Rona Ellen Glynn (24 September 1936 –  4 January 1965), also known briefly as  Rona Schaber after marriage,  was the first Indigenous Australian school teacher and nurse in Alice Springs in the Northern Territory. In 1965 she became the first Aboriginal woman to have a pre-school named in her honour in Australia.

Early life and family
Rona Ellen Glynn was born on 24 September 1936 at Wood Green Station in Central Australia, the daughter of Ron Price and Topsy Glynn, a housemaid and cook for R. H. Purvis (Ron Purvis Sr), owner of Wood Green.

Rona's mother, Topsy Glynn, was born around 1916, the daughter of a "half-caste" stockman called James Glynn and an unnamed Aboriginal woman.

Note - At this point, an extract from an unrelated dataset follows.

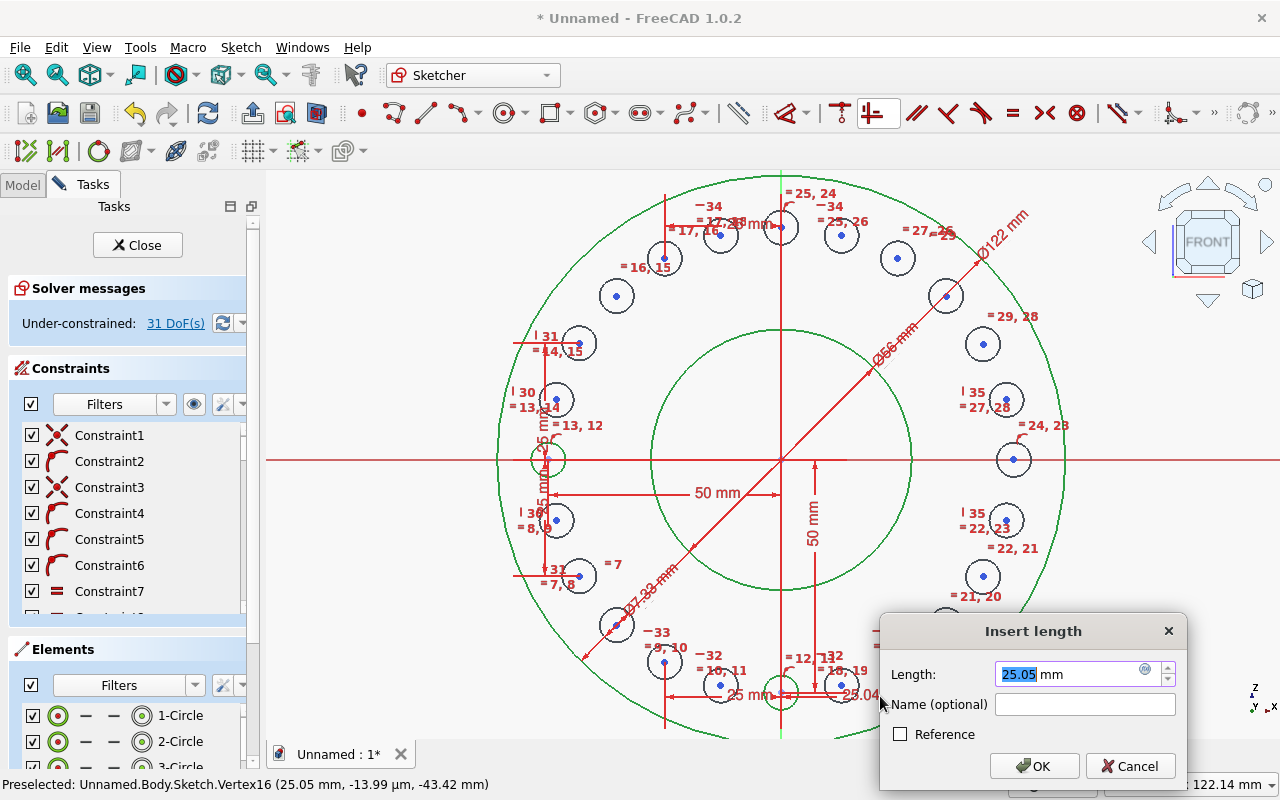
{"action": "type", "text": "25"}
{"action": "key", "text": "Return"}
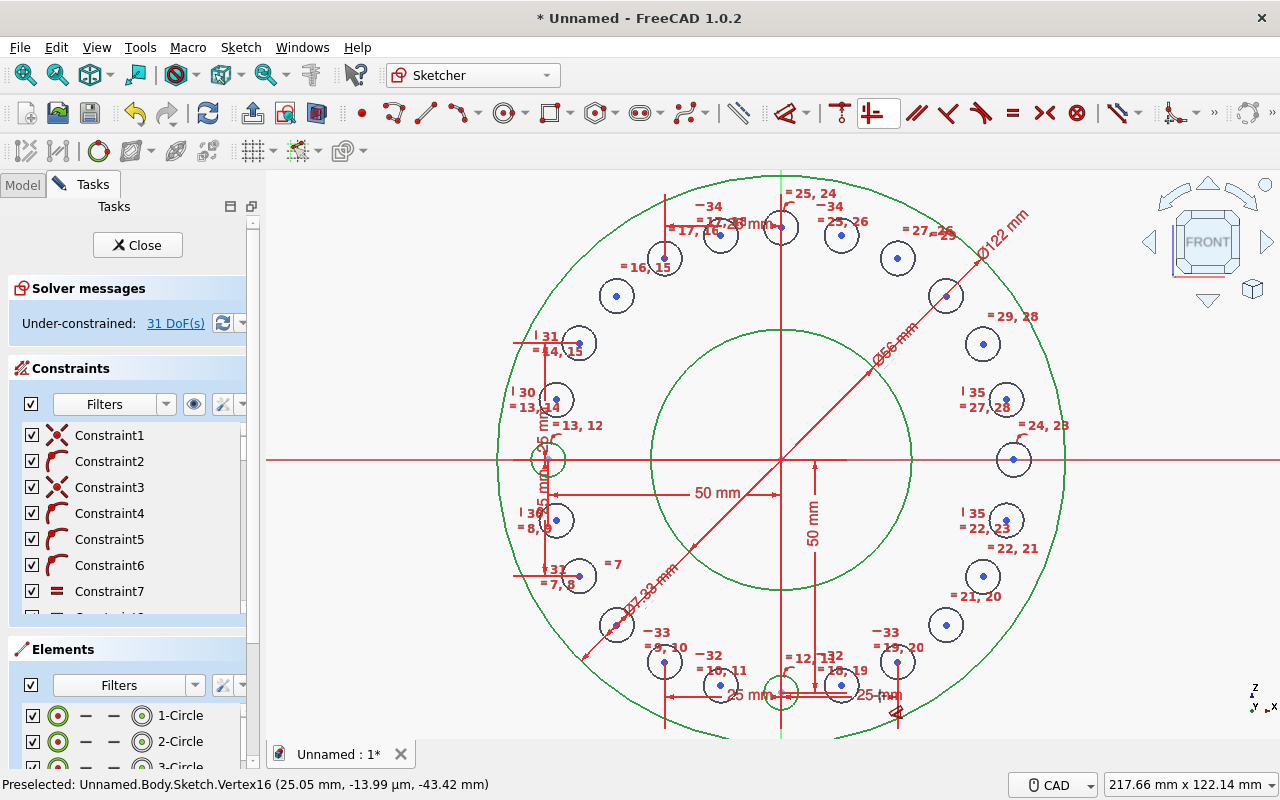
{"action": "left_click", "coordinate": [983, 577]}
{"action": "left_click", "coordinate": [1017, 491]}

She was later described by the authorities as a "three-quarter-caste aboriginal". After Topsy's mother was killed, around 1919, Ron Purvis Sr persuaded the NT police commissioner Robert Stott to put Topsy in to the "Half-caste Institution Alice Springs" (The Bungalow, then at the Alice Springs Telegraph Station), although she was not technically "half-caste", on condition that Purvis employed her on Wood Green Station as soon as she had completed her schooling there, which he did. Glynn gave birth to two daughters on Atartinga /Wood Green. The first of these was Rona, born in 1936, whose father was Ron Price. Rona's half-sister, whose father was Rona's father's brother, Alf Price, was the photographer and media specialist who co-founded CAAMA, Freda Glynn, born in 1939. They are both granddaughters of Isobelle Violet Price (Hesketh), the first lone woman to run a station, after her husband Fred, telegraph master of Alice Springs Telegraph Station, had died.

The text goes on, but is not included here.